Moneyball largely manages to make scenes like this dramatic, which is pretty damn good going
A lot of this comes out of Beane’s own personality. It’s a gift of a part for Brad Pitt, who is excellent, mining the deep vein of loneliness and isolation in Beane, whose past is littered with regrets and mistakes. His own baseball career flamed out after early promise, due to his inability to adapt to a higher level of play (Brand wins Beane’s trust by telling him that, based on statistics, he would have picked him very late in the draft not first). It’s an experience that gives Beane a ready-made scepticism for “gut instinct”, but also explains his own unwillingness to get to know the players who (if he needs to) he’ll need to trade in an instant for the good of the club.

Pitt gives Beane this inner sadness, but also a level of warmth fired by competitive zeal. He’s unable to watch the games (so driven is he to win) and he treats his negotiations with other teams and managers with the sort of no-holds barred testosterone that you’d expect he played with. He’s a passionate man who loses his temper and has no time for fools. But he has a deep love for his daughter (of course!), keeps on good terms with his ex-wife and understands deep down that making life decisions is based on a lot more than money.

This also adds a level of bravery to his decision to fly in the face of decades of baseball knowledge – get this wrong and his head will be on the block.
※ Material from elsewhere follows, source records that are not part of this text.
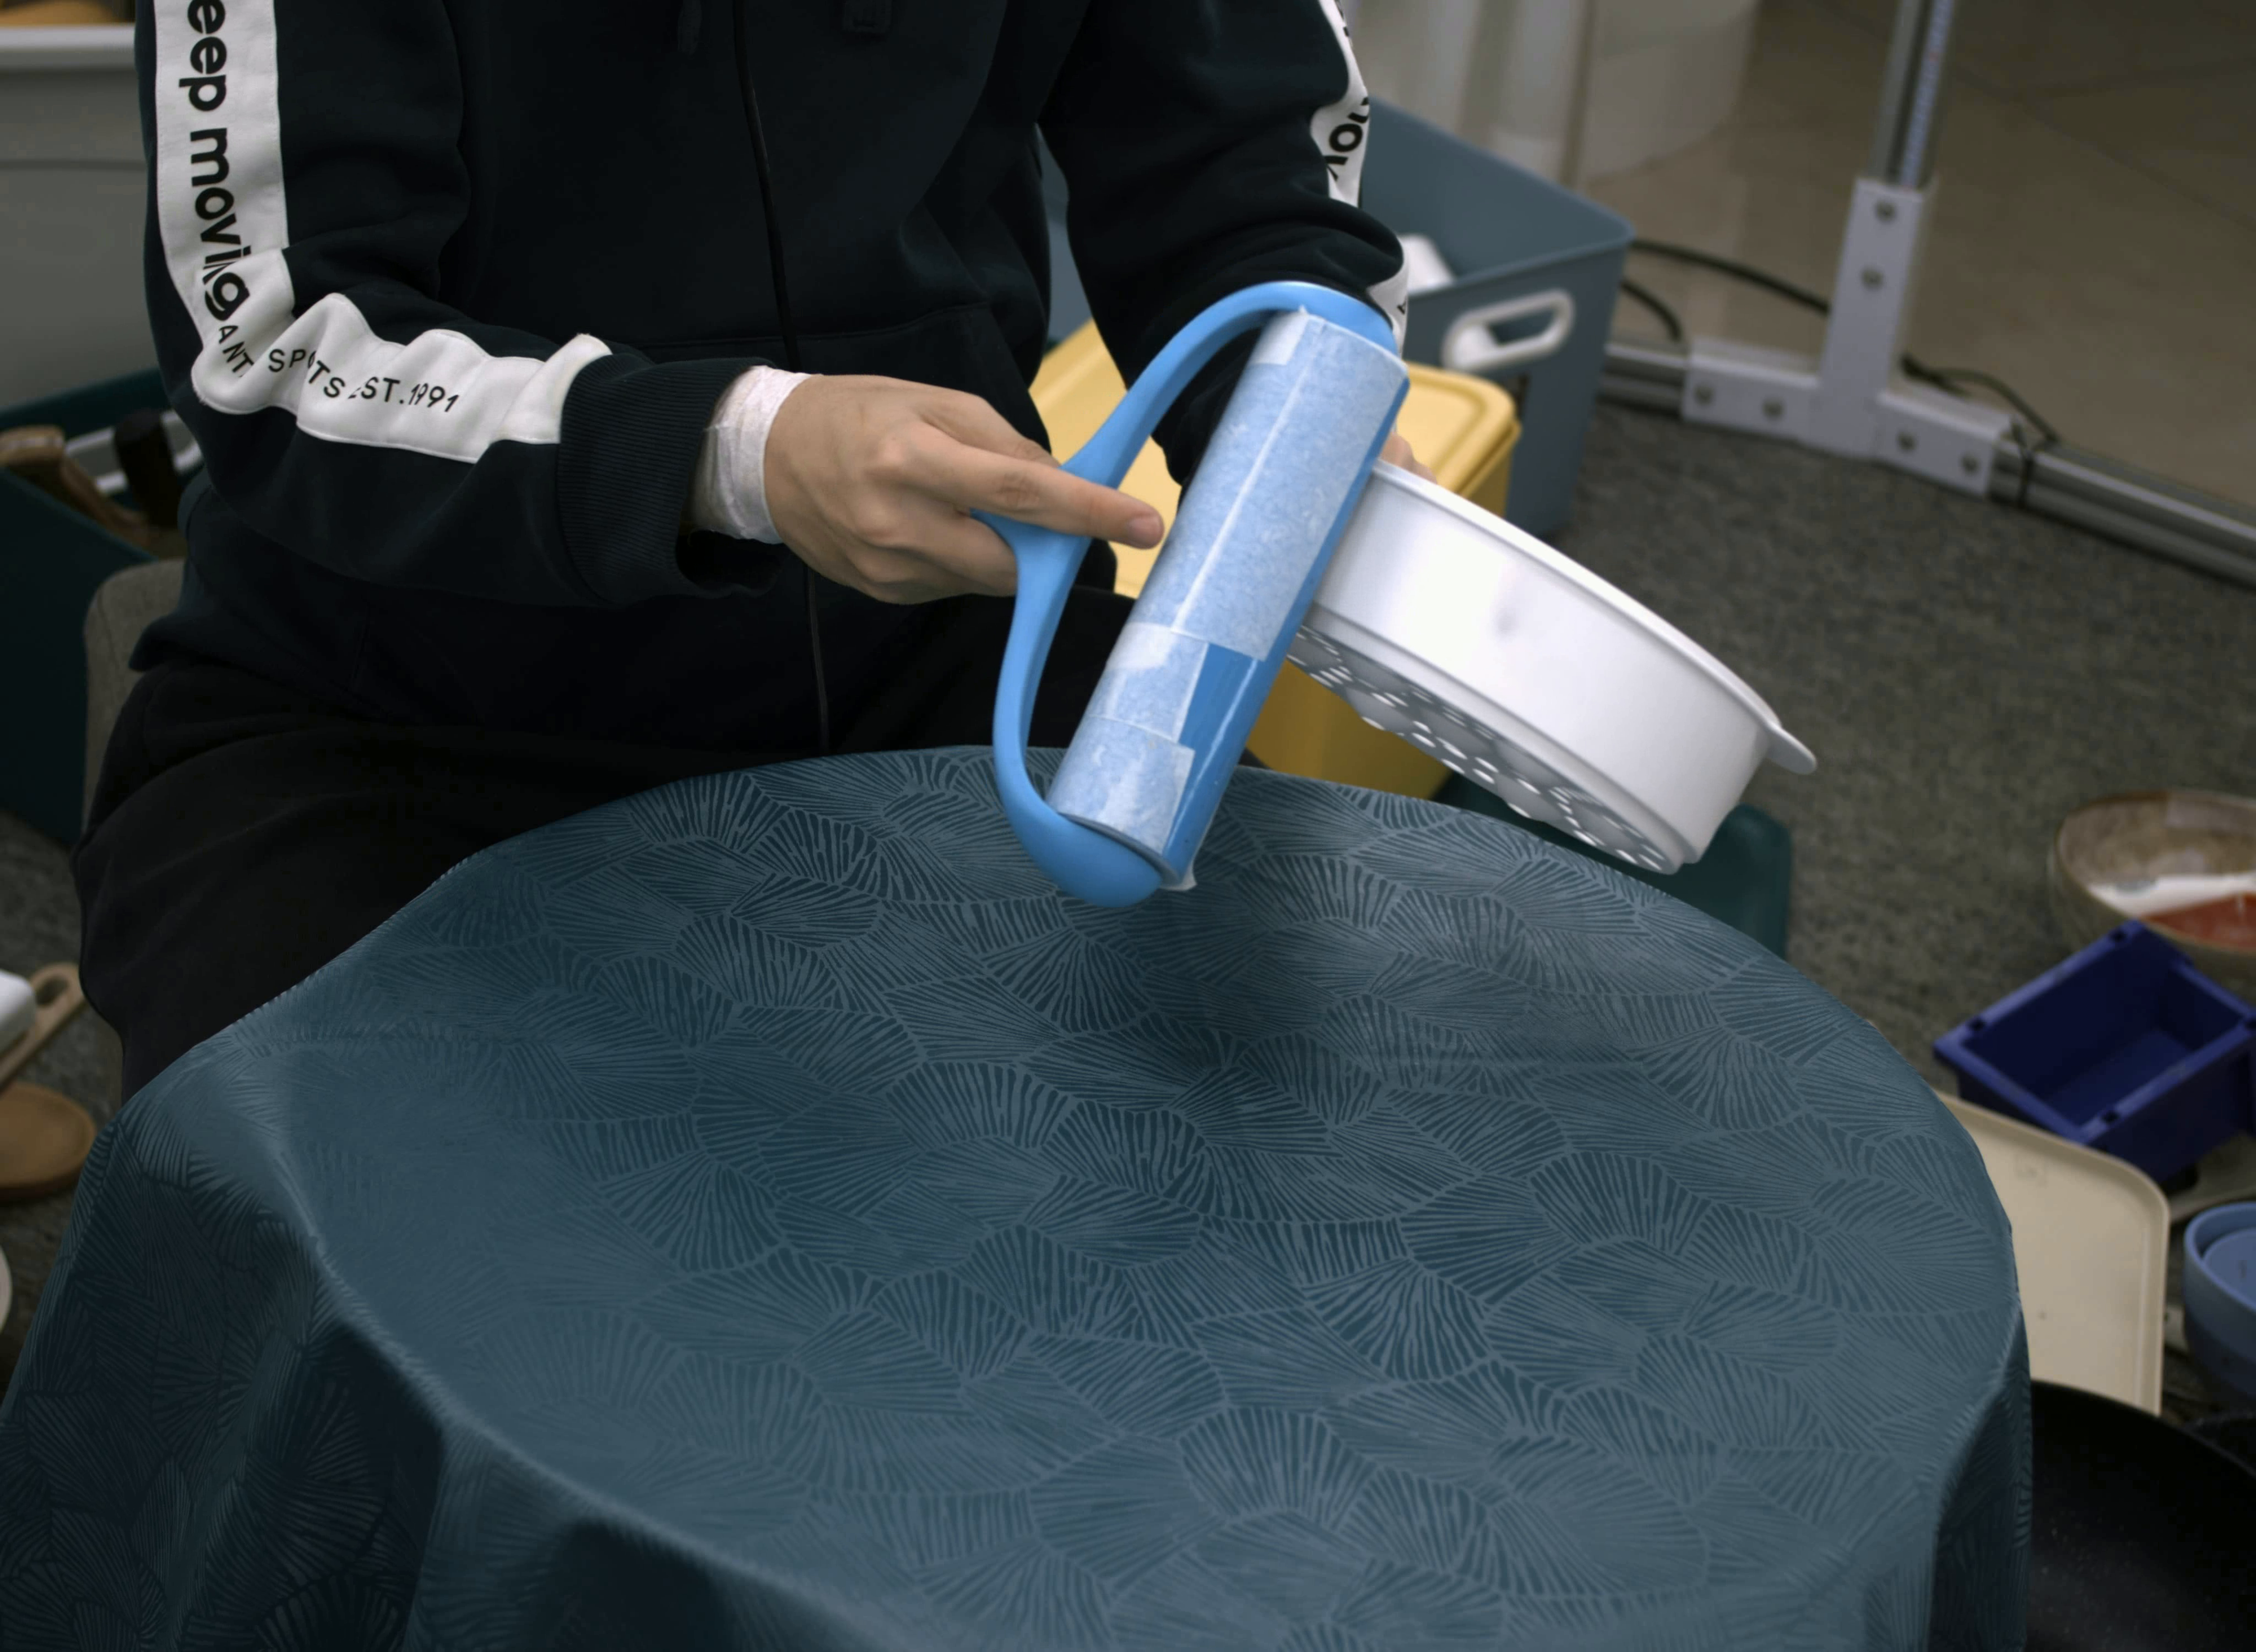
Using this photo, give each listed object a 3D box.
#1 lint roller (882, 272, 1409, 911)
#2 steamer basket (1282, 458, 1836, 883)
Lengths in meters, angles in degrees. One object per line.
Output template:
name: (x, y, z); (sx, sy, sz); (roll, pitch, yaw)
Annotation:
lint roller: (-0.017, -0.090, 1.809); (0.181, 0.230, 0.067); (13, -15, 26)
steamer basket: (0.134, -0.052, 1.872); (0.231, 0.069, 0.201); (30, -5, 7)

This brings added tensions to heated discussions with scouts, frenzied phone calls to secure at the right price the most statistically advantageous players, and clashes with coaches about how to pick a team that has been selected for very specific skills. It adds a human element and guts to the drama.

With super dialogue, a fine performance from Brad Pitt and some good supporting work from Jonah Hill as the (semi-fictionalised) numbers-guy slowly building in confidence, Moneyball has more than enough to recommend it. Sure not much concession is made to baseball muggles, but there’s more than enough heart and drama here to overcome the lack of explanation of how baseball works and what these percentages actually mean – the fact is it works.